Справившись со здоровенным стволом - не менее двенадцати дюймов в

отрубе! это, пожалуй, без малого кубик, - я распрямляюсь, сдвигаю шапку с

влажного лба... Стоит околдованный зимой лес. Да не какой-нибудь жиденький,

просвечивающий, а нетронутый от века северный бор - глухой, нескончаемый, с

великанами соснами и лиственницами. Его впервые потревожили люди... Деревья

плотно укрыты снегом. Ели стоят как торжественные, сверкающие свечи. Там,

где не достает солнце, скопились яркие синие тени. Не заросшие подлеском

поляны и прогалы в плавных мягких буграх, похожих на белые волны: они

искрятся и блестят в тели. И так тихо, так неподвижно кругом, что мерещатся

какие-то волшебные чертоги из сказки. Я поддаюсь очарованию, даже

отвлекаюсь от своего дела - такой первозданной красотой довелось

любоваться! - но не настолько, чтобы забыться, зашагать между деревьями.

Уйти в эту красоту куда глаза глядят...

Невдалеке сухо щелкает винтовочный выстрел. Сразу настораживаюсь:

давеча у костра рассказывали про знакомого зэка с ближнего лагпункта.

Приметный был человек, и многие его знали. Он носил пышные усы с

подусниками в память командира своей незабвенной Первой Конной, сохранил

папаху, которую   лихо заламывал и сдвигал набок. Его не остановил

предупредительный выстрел конвоира, крикнувшего ему, чтобы не заходил

дальше прибитой к дереву дощечки с выведенными углем буквами: "Зона". Этот

бывший буденовец, сильно поморозившийся накануне, будто бы сказал

товарищам: "Чем тут понемногу десять лет сдыхать, лучше разом кончить" - и,

зашвырнув топор в снег, открыто попер мимо часового... Так, должно быть,

когда-то бесстрашно шел он на цепи белых. Четвертым выстрелом часовой убил

его наповал.

Однако на этот раз все было вовсе иначе.

Послышалось тугое поскрипывание снега под бойкими шагами, и на дороге

из-за деревьев показался припорошенный снежком человек в коротком

полушубке, с раскрасневшимся на морозе оживленным лицом: он издали

приподнял - смотрите, мол! - убитого глухаря, которого держал за лапы. Это

- конвоир. Но сейчас он только охотник, хвастающийся своей добычей,

радующийся удаче. Подправив винтовку на ремне за плечом, он запросто

подходит к кучке заключенных, рассказывает, демонстрирует убитую птицу, "аж

в сердце угодил". Потом, вынув кисет и закурив, отрывает бумажки и дает

щепоть махорки:

- Покурите, ребята!

Проснулся и во мне охотник: не отрывая взгляда, любуюсь великолепной

птицей, просто вижу, как сидит на вершине сосны темный, отливающий синим

блеском глухарина.
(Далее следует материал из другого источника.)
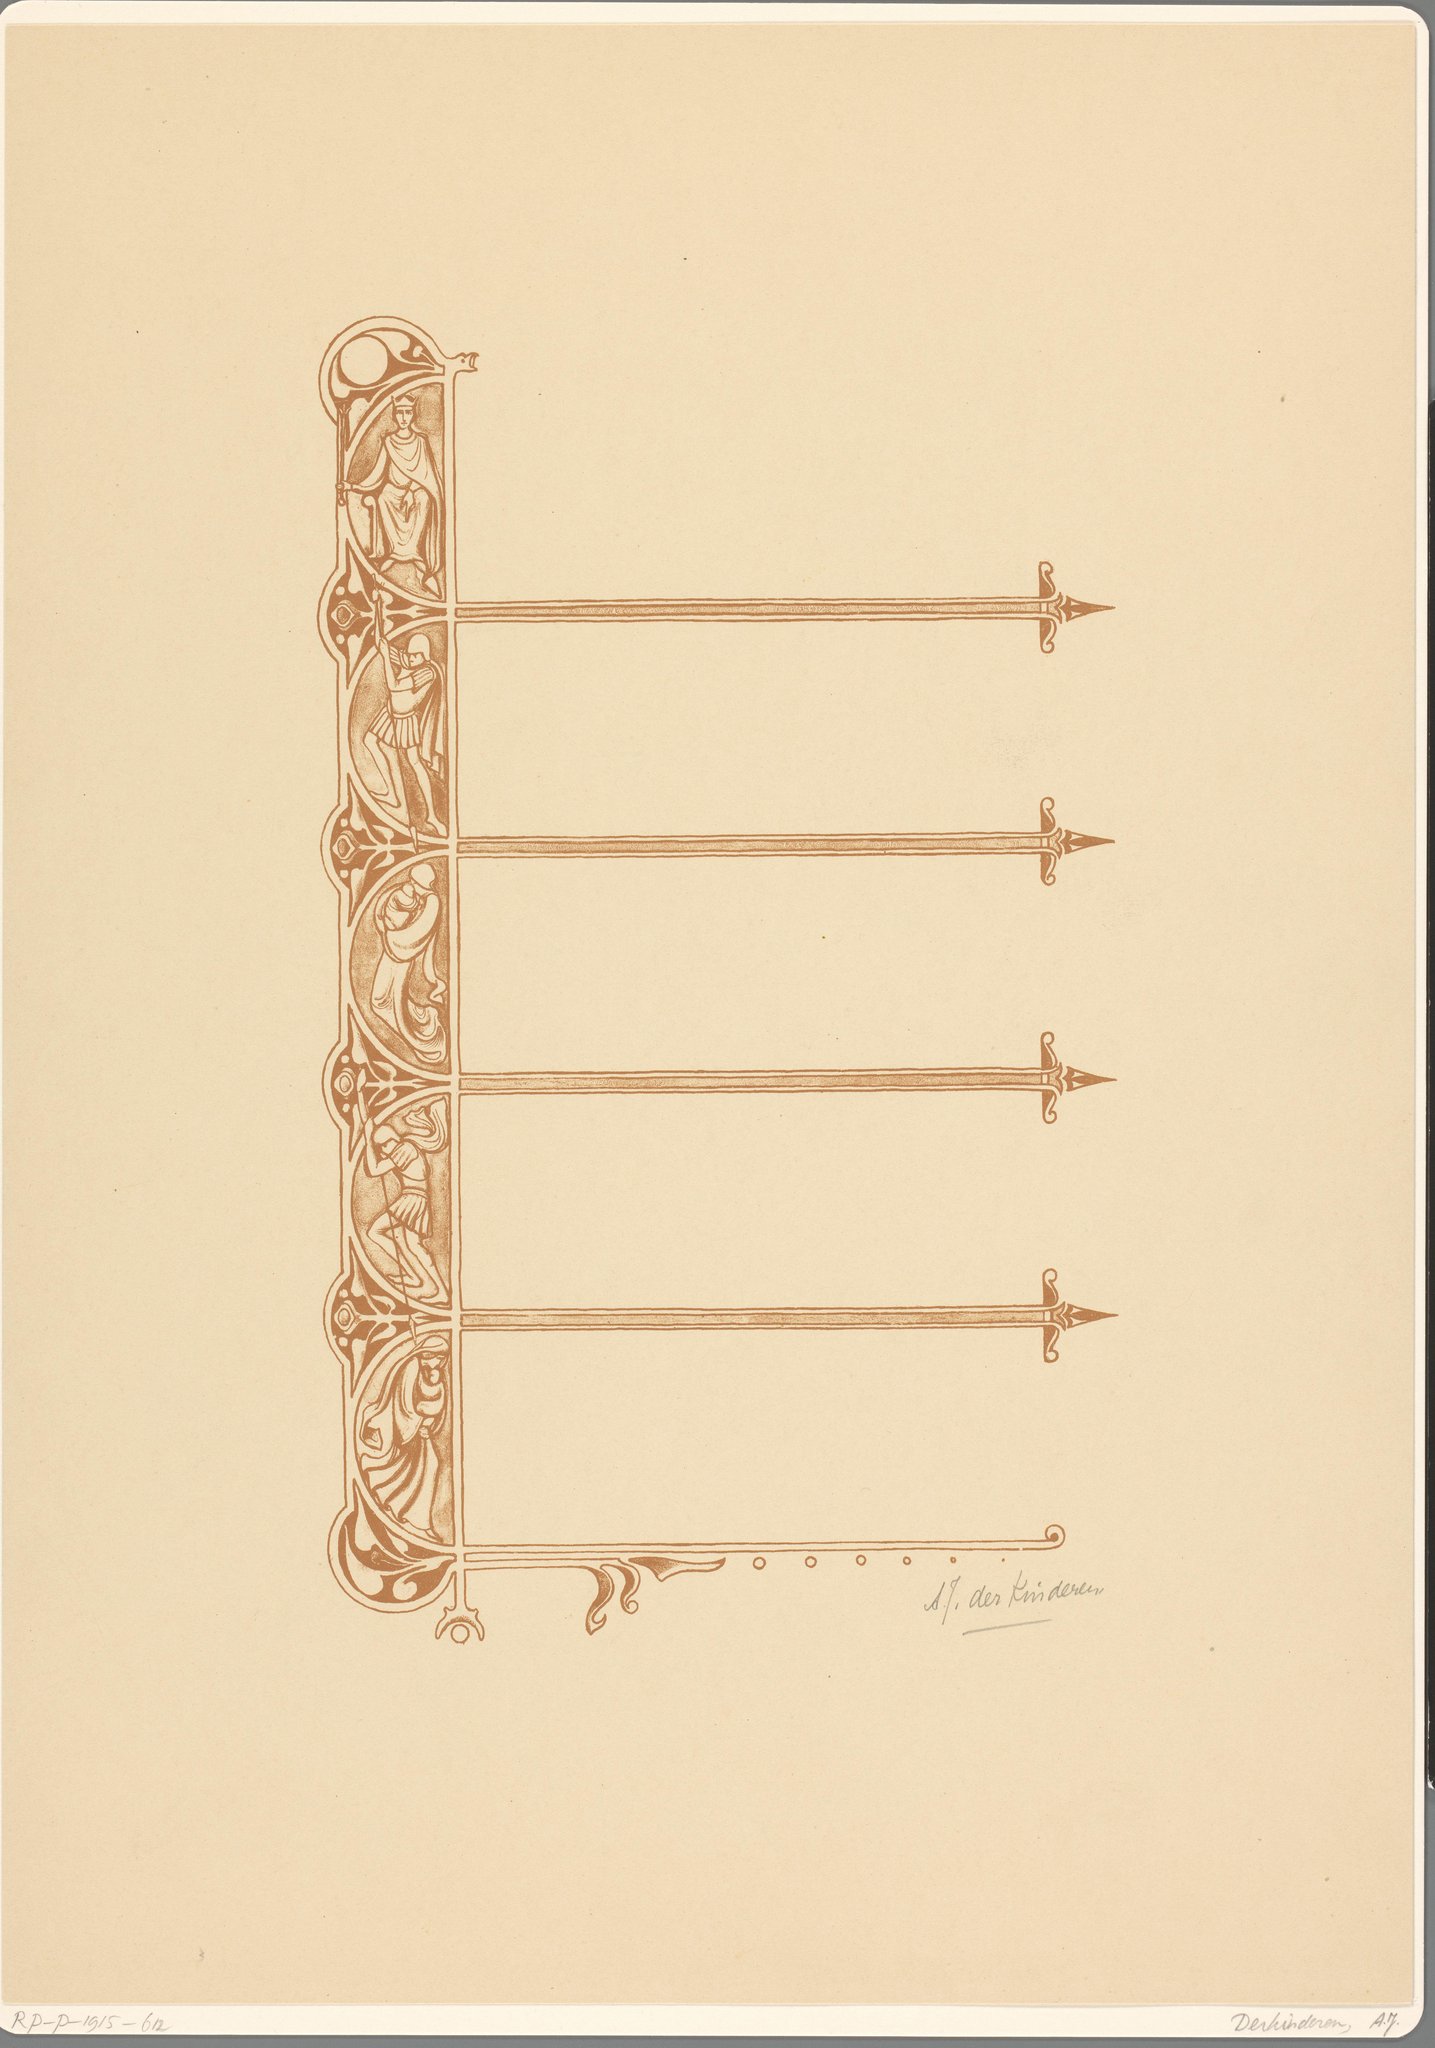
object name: book illustration
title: Koning, ridders, vrouwen met kind
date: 1894-1901
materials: paper
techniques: lithograph
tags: mother and baby or young child, king, knight
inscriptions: collector's mark: Lugt 2233
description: Vijf horizontale, decoratieve banden met daarboven en daartussenin ruimte voor tekst. Links van de banden een verticale sierrand met daarin de beeltenissen van een koning, twee ridders en twee vrouwen met kind.
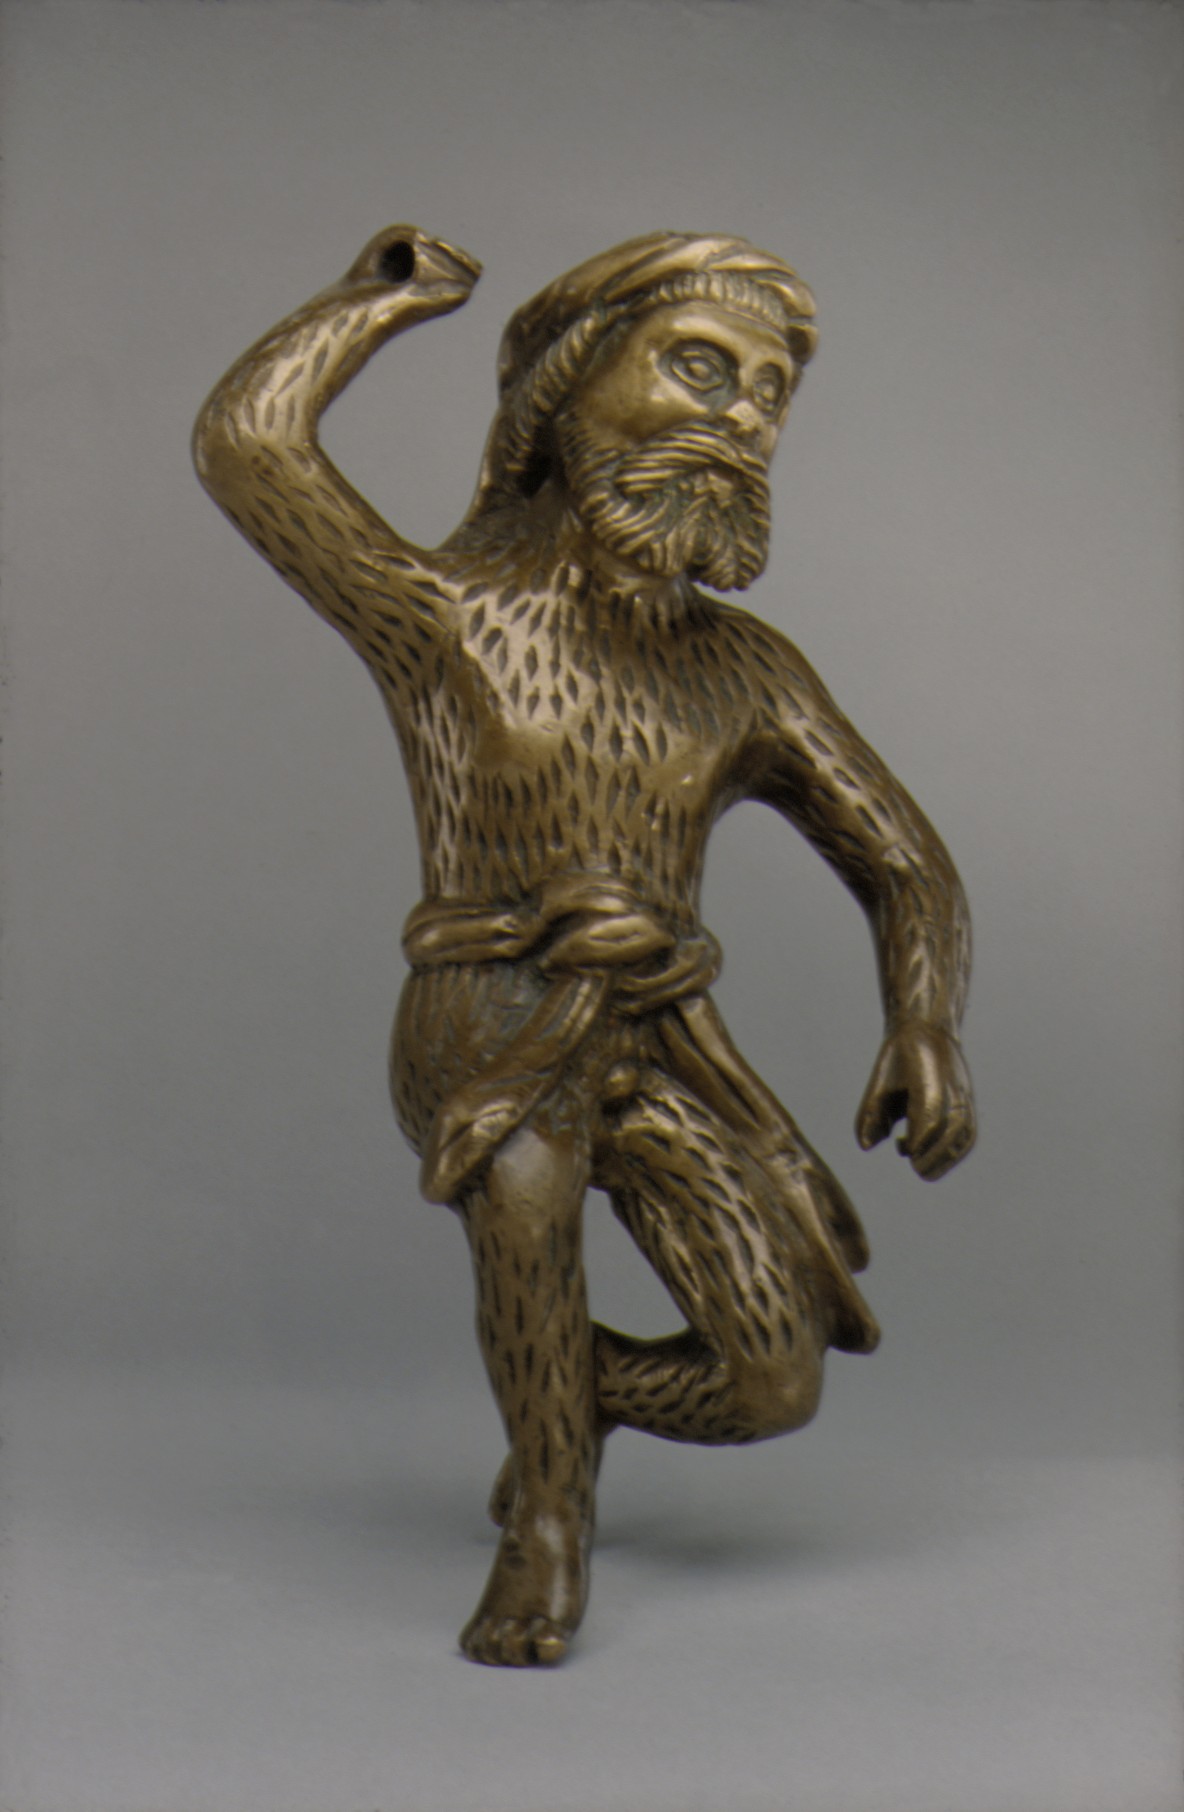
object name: figure
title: Wild Man
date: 1501-1600
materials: brass
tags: men
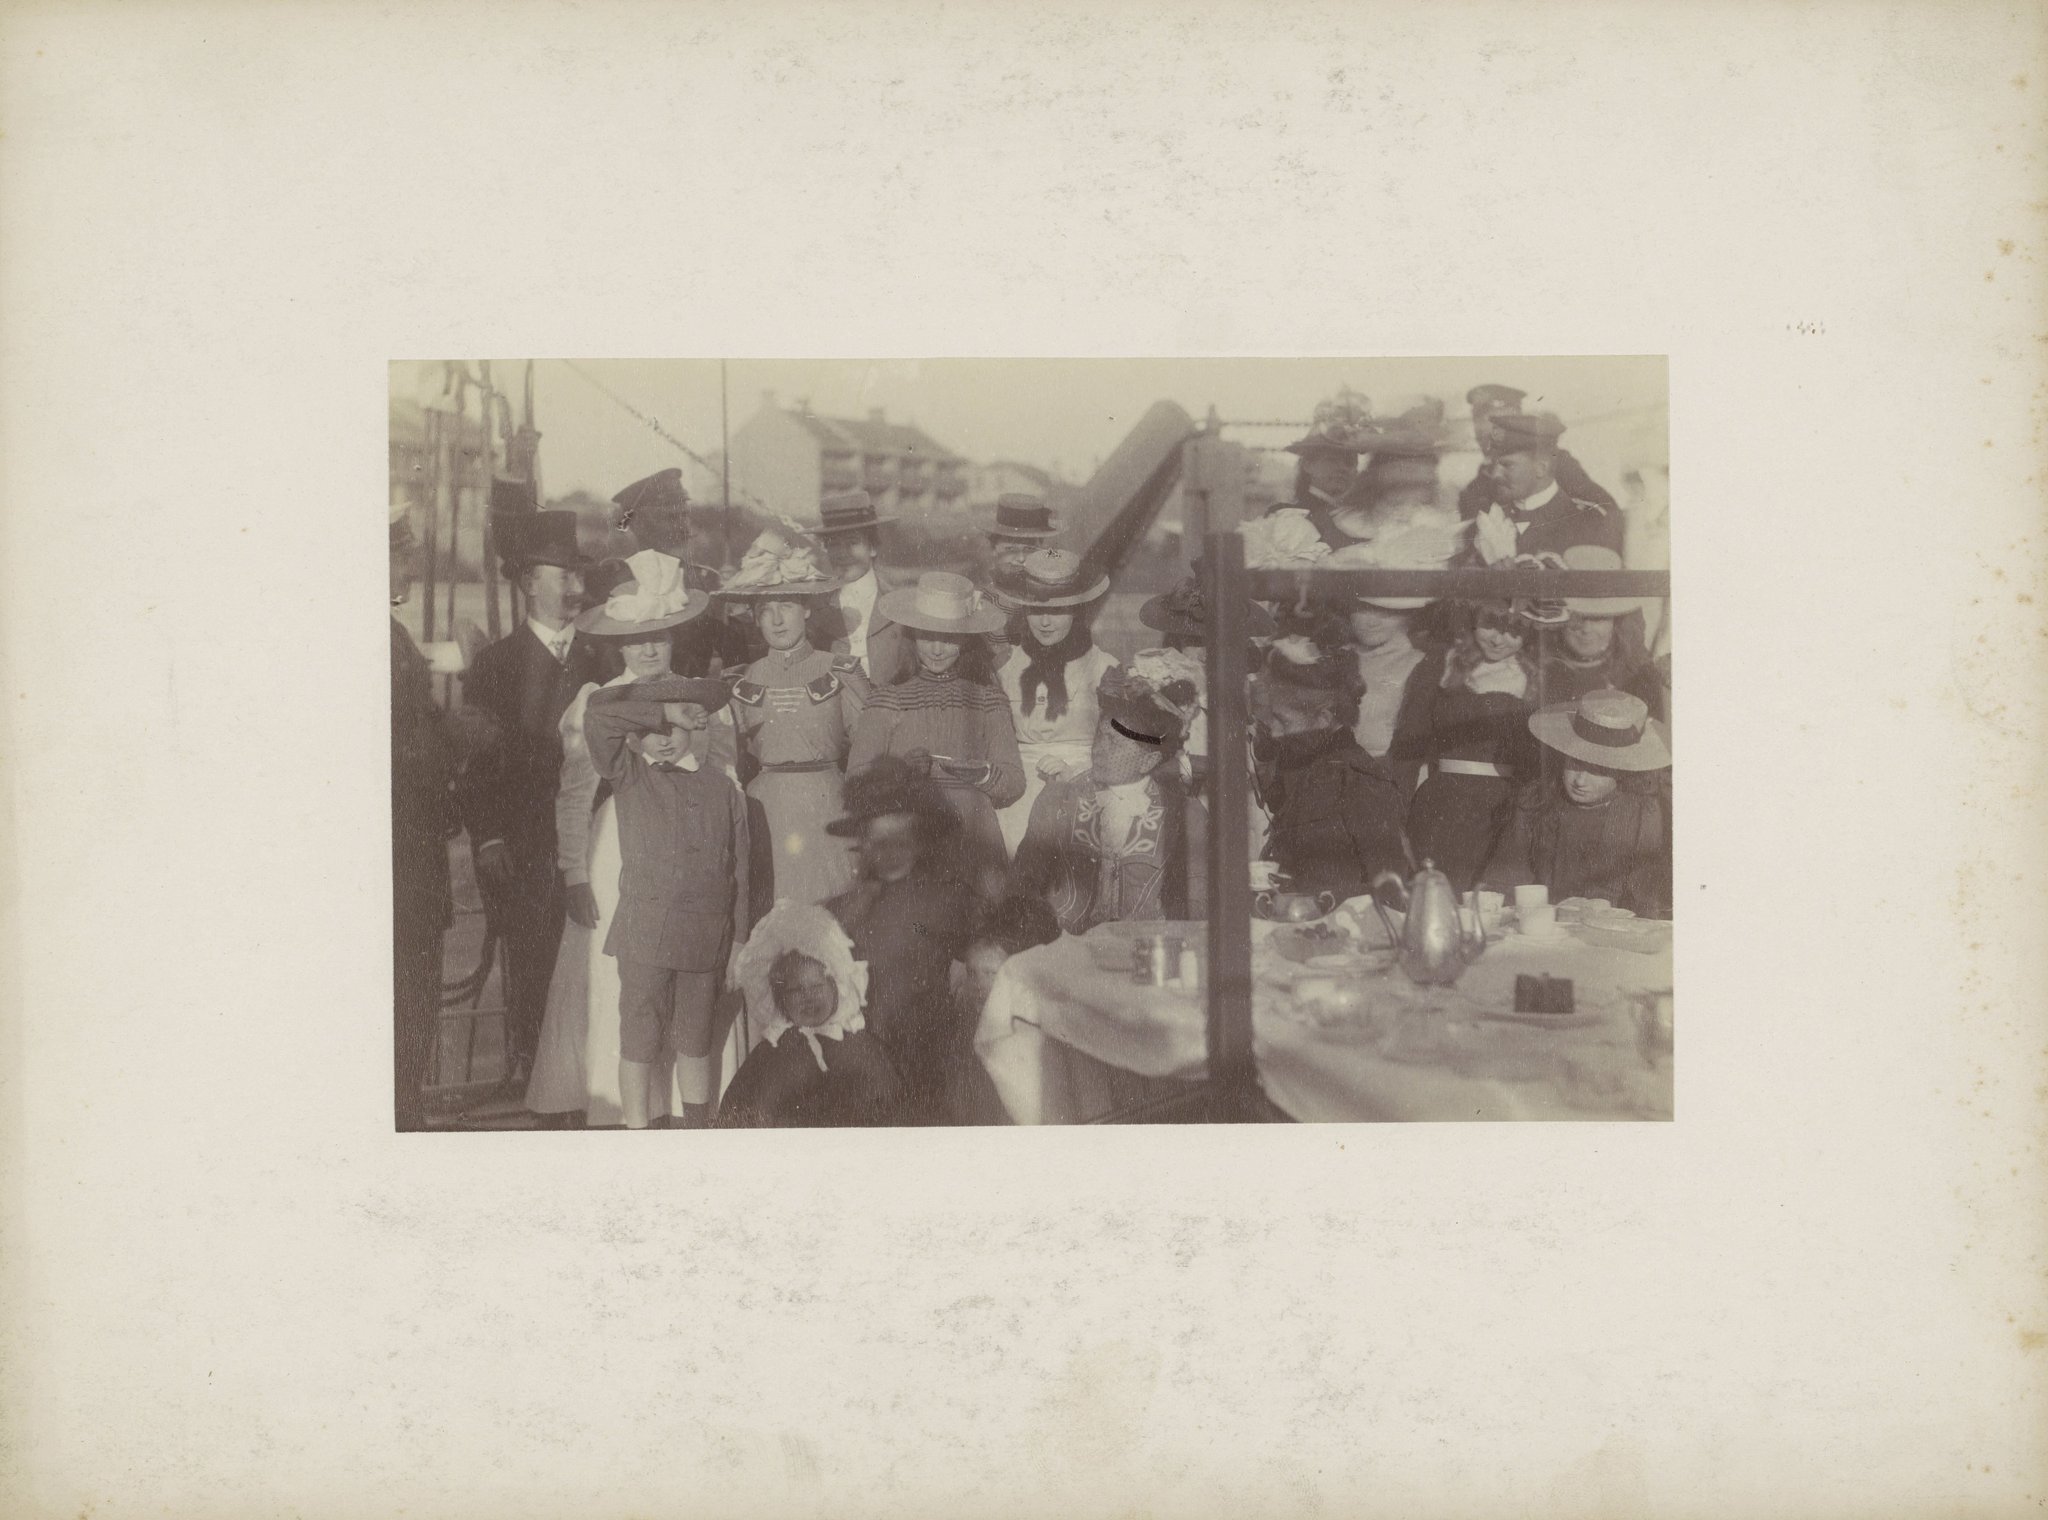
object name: photograph
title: Groepsportret van vrouwen, mannen en kinderen bij een tafel, vermoedelijk in Sydney
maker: Anonymous
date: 1890-1910
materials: cardboard, paper, photographic support
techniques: albumen print
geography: sydney
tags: adult woman, adult man, child
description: Onderdeel van Reisalbum met foto's van bezienswaardigheden in Sydney.

Мне хочется сказать, что и я ходил на тока, метко

стрелял из мелкокалиберки, расспросить его, как все произошло, но... Сквозь

мимолетный приступ добродушия проглядывает - ее не спрячешь - привычная

настороженность конвоира, зоркие глаза его помимо воли шарят и шарят по

нашей кучке. Да и винтовка с боевыми патронами выдана этому сытому и

крепкому, самодовольному парню вовсе не для стрельбы по боровой дичи...

 

x x x

 

 

В растворенные настежь ворота лагпункта с прибитым к перекладине

кумачом со слинявшей надписью "Добро пожаловать" входят быстрым шагом,

шеренга за шеренгой, люди с кладью в руках и на спине. Конвоиры с двух

сторон громко отсчитывают пятерки. Начальство стоит в стороне, оценивая

пополнение. Вокруг преданно суетятся сотрудники УРЧ из заключенных. Они

тоже считают людей, делают перекличку, сличают приметы с установочными

данными в формулярах. Происходит предварительная сортировка прибывших по

статьям - этих в барак, тех - в землянку, а вот того сразу в шизо (штрафной

изолятор) - в зависимости от спецуказаний при каждом пакете. Врачи бегло

всех осматривают и тут же проставляют категорию трудоспособности. Кого-то с

места отправляют в стационар.

Мы стоим в некотором отдалении. Приглядываемся к лицам, вслушиваемся в

выкликаемые фамилии. Каждый ожидает - и страшится - встретить родственника,

друга, прежнего сослуживца. Хотя расспросы впереди и сейчас разговаривать с

новобранцами запрещено, у иных не хватает терпения. Они бросают наугад:

"Кто, может, встречал такого-то?" Эти наверняка ждут сведений об

арестованных близких.

Большинство в партии - военные в комсоставовских длиннополых шинелях,

без форменных пуговиц и знаков различия. Много и штатских. Люди самые

разные, но вид у всех растерянный: на лицах - обида и недоумение. Этапники

словно не вполне очнулись после водоворота событий - изматывающего

следствия, шока приговора, мытарств пересылок. И наконец, последних

ритуалов, как бы подытоживающих переходное состояние и открывающих новую

лагерную главу жизни: их стригут и рядят в арестантские бушлаты. У

некоторых выражение, словно они не вполне осознают происходящее, надеются,

что это им померещилось: они вот-вот очнутся и возвратятся к своим

привычным делам - будут командовать воинскими частями, сидеть в штабах,

руководить, приказывать, выполнять ответственные поручения за рубежом.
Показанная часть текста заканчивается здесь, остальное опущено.